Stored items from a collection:
---------------
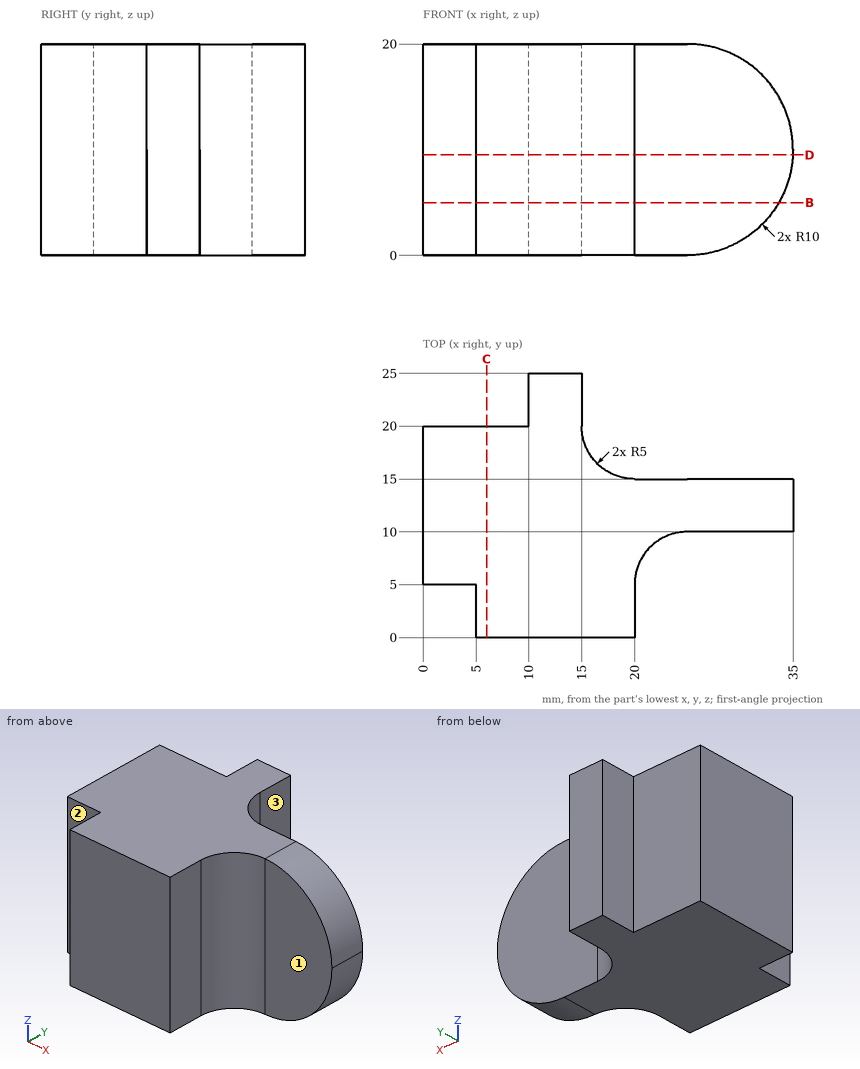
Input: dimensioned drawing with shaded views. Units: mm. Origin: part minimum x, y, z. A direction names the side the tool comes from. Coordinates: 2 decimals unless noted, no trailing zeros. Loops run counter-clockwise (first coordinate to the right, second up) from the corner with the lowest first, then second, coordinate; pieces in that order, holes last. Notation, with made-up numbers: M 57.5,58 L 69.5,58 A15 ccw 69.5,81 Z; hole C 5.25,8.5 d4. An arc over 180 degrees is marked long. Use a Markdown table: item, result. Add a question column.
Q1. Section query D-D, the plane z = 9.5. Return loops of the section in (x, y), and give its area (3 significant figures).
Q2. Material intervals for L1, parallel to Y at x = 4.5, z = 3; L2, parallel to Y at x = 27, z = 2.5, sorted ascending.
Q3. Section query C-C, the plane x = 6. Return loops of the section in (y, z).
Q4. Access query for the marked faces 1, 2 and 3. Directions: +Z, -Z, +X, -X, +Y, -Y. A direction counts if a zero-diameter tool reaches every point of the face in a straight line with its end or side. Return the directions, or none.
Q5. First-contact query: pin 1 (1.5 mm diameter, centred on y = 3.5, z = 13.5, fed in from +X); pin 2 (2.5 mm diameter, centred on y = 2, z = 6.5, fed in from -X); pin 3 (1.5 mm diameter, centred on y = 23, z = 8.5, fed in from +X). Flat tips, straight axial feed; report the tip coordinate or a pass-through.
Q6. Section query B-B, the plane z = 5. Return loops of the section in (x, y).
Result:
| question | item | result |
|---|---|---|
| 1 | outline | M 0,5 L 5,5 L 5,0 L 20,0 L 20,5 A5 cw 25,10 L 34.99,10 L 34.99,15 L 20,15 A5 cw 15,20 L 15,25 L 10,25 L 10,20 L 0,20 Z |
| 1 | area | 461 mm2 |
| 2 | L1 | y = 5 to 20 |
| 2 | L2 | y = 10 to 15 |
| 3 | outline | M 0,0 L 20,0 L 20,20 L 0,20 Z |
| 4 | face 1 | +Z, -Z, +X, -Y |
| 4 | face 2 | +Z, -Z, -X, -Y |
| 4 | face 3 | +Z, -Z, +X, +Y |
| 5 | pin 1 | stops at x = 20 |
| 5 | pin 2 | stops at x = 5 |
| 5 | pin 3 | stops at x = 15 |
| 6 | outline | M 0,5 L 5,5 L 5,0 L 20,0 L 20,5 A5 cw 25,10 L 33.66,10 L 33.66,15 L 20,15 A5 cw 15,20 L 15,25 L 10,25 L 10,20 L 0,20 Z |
---------------
### TASK INSTRUCTIONS
Your answer must be the line holding "at x = 20 |" and every later line of the entries above, written out exactly, and nothing else.

### SOLUTION TO THIS PROBLEM
| 5 | pin 1 | stops at x = 20 |
| 5 | pin 2 | stops at x = 5 |
| 5 | pin 3 | stops at x = 15 |
| 6 | outline | M 0,5 L 5,5 L 5,0 L 20,0 L 20,5 A5 cw 25,10 L 33.66,10 L 33.66,15 L 20,15 A5 cw 15,20 L 15,25 L 10,25 L 10,20 L 0,20 Z |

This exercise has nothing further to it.